The advantages of the book are that it is well structured, pedagogically written with summaries at the end of each chapter, and that it contains a glossary with explanations of used concepts. There are several suggestions of how to avoid using “the command style” and how to enhance divergent responses when using an indirect approach, i.e. “a problem-solving” teaching style. Furthermore there are teaching tips on how to establish boundaries, use positive challenges, monitor energy levels, and handle nonparticipants.
The reader may sometimes feel that the text is too pedagogically written with too many sentences repeating the same message. Some descriptions of tasks and games might have gained in being illustrated with drawings or pictures instead of being described in too many words.

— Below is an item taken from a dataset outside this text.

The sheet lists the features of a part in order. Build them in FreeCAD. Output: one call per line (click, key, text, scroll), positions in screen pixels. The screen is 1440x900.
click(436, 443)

References to scientific studies should, in my opinion, have been more frequently used and there is also a lack of descriptions of the studies referred to. The lack of references to and descriptions of scientific studies are my most serious criticism of the book. These things may cause the reader to wonder: How can this be true? How do we know that? and How was this examined?
In a book about physical education one might expect plenty of advice on how to observe and stimulate also children who have untrained and/or experienced motor skills. What tasks might be useful to motivate children who have deficits in different milestones of gross motor development? The advice “beginning at the beginning – wherever the children are developmentally – and building from there in a logical progression” (p. 24) will be very hard to follow if you don’t know how to decide where the children are developmentally. And what is a logical progression? Is it the same for every child? The book would have benefitted from including a chapter about adapted motor training for children with deficits in motor skills.

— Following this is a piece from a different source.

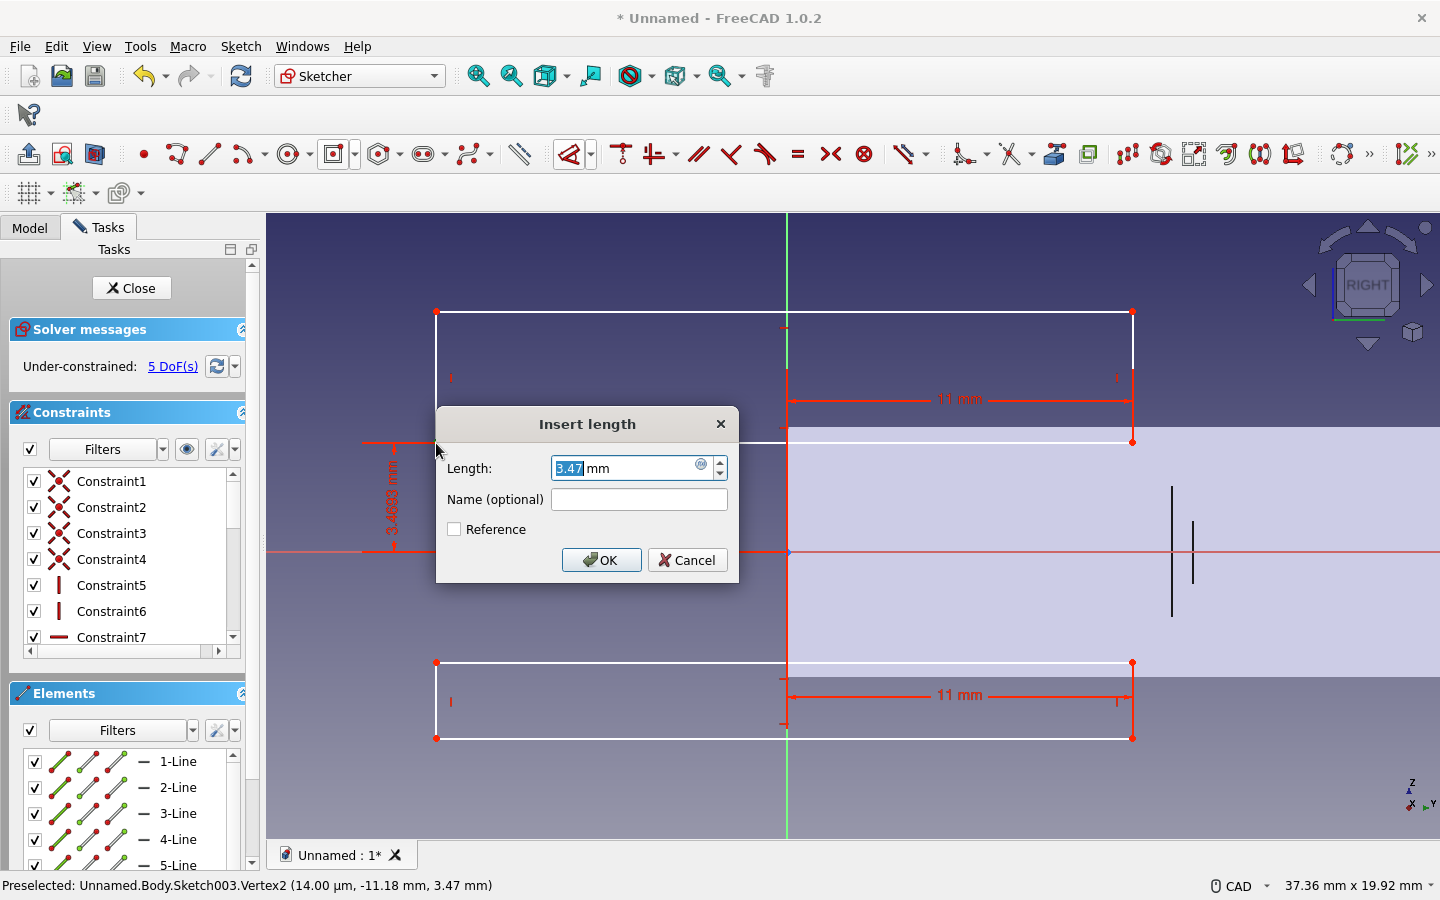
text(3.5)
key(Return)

Despite the lack of references and the criticism above the book could fulfill the purpose as a guide for understanding the unique needs of 4–8-year-olds in physical education lessons.
References
Ericsson, Ingegerd (2003). Motor skills, Attention and Academic achievements. An Intervention study in the school years 1–3. Malmö: School of Teacher Education, Malmö University.
Holle, Britta (1978). Children’s Motor skill Development [Barns motoriska utveckling]. Stockholm: Natur och Kultur.
Pica, Rae (2008). Physical Education for Young Children. Movement ABCs for the Little Ones. Champaign IL: Human Kinetics.